Here NYCHA has had some success.
NYCHA agreed to abate lead in half its properties by 2029, with a particular priority for units with children under 6 years old. The monitor found that initially NYCHA was inspecting only units where young children lived full time. At the monitor’s suggestion, NYCHA began checking apartments where young children spend 10 or more hours per week, such as a relative or friend’s unit.
As a result, thousands more units have been tested and cleaned. When the agreement was signed in 2019, only 3,000 units had been tested. Through October this year, 24,000 apartments have been checked for lead.
A more daunting challenge has emerged with NYCHA’s promises to attack the problem of mold, an issue that is particularly onerous for tenants who suffer from respiratory illnesses such as asthma.
The agreement requires that NYCHA complete all “simple” mold repairs within seven days and all “complex” mold repairs within 15 days.

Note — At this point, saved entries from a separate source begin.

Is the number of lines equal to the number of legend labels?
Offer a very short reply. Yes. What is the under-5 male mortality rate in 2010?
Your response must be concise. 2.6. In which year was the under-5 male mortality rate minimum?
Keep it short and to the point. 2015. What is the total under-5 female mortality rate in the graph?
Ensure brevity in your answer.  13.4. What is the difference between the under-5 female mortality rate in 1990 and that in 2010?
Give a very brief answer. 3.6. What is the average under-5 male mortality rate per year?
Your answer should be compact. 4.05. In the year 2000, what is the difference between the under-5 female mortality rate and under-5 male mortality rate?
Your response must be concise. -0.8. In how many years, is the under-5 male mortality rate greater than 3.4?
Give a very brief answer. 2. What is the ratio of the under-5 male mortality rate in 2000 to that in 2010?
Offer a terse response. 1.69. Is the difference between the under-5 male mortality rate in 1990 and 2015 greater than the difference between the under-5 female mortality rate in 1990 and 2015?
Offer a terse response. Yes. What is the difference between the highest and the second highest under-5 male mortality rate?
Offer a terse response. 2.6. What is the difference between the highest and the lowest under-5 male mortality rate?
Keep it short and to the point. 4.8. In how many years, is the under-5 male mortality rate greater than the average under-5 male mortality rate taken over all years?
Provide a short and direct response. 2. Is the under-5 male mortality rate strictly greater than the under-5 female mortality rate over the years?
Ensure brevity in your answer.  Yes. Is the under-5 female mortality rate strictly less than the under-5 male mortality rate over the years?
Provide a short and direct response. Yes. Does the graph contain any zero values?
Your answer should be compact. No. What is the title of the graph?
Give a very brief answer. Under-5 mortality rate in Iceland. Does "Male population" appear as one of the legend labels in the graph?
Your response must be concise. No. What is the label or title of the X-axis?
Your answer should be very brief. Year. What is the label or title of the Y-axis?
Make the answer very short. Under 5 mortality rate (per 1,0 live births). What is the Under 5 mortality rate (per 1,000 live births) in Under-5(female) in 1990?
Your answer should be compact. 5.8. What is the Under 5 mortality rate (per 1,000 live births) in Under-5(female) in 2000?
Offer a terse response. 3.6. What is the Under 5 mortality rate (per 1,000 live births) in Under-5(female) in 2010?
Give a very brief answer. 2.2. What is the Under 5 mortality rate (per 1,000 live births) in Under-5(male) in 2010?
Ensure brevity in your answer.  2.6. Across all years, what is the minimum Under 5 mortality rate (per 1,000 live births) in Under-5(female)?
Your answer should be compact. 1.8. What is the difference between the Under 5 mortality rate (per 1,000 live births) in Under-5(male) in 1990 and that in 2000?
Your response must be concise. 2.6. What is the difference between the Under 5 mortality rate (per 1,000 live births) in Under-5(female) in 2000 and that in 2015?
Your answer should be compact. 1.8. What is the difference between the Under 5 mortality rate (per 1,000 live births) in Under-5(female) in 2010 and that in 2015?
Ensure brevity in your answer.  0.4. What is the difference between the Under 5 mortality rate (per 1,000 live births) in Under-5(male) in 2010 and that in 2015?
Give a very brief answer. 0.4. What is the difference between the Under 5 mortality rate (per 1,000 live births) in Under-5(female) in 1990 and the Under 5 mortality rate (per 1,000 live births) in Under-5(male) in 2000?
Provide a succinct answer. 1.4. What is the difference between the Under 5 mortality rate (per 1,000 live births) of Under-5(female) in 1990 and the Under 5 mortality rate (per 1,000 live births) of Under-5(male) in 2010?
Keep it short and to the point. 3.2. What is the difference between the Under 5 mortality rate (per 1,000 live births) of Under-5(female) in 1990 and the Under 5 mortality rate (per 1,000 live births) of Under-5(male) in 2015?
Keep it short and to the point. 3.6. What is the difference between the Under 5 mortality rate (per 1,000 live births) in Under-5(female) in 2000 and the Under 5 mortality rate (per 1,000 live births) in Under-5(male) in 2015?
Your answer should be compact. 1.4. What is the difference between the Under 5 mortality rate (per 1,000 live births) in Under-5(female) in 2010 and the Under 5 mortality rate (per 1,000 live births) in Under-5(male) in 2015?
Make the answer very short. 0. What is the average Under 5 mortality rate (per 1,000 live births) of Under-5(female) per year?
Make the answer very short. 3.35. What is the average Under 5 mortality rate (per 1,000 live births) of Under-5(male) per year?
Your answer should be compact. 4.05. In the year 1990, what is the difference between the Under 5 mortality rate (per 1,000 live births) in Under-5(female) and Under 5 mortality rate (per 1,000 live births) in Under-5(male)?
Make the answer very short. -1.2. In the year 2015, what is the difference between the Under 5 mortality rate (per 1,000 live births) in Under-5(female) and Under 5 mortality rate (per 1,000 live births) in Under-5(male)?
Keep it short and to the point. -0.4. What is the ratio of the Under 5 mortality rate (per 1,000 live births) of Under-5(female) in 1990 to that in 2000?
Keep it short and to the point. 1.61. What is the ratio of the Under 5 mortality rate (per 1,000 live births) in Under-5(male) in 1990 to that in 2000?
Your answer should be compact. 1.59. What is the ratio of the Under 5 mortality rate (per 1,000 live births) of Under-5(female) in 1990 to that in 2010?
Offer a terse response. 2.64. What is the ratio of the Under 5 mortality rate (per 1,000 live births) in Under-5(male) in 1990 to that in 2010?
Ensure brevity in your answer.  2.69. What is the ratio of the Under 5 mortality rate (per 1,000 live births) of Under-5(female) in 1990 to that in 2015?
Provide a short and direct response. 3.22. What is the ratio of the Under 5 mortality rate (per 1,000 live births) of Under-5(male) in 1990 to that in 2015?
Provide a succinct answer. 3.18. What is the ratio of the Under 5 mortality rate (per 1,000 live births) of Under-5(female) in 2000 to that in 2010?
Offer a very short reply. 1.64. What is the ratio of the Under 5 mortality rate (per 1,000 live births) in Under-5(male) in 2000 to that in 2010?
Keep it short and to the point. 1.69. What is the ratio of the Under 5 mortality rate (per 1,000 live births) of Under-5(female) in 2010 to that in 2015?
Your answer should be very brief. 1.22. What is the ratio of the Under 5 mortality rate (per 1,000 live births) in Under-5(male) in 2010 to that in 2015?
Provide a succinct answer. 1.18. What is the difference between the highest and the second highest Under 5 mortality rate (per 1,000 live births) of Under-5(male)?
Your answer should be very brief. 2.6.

Overall, the monitor declared NYCHA’s ability to meet these set goals to be “grossly deficient.”
In the first six months of this year, the monitor noted, NYCHA was able to address 23% of “simple” mold repairs within seven days, and a mere 3% of “complex” mold repairs within the required 15 days.
Nevertheless the monitor noted that improvement appears to be taking place on this issue.
This year NYCHA completed the installation of 67,000 new roof fans across multiple developments to improve air circulation in bathrooms and kitchens, aiming to reduce the moisture build-up that stimulates the growth of mold. As a result, the number of mold complaints has dropped “significantly ... as the ventilation project progressed.
“NYCHA has struggled with these performance standards since the execution of the Agreement in 2019,” the monitor noted, “but is now taking well-considered steps to improve its performance.”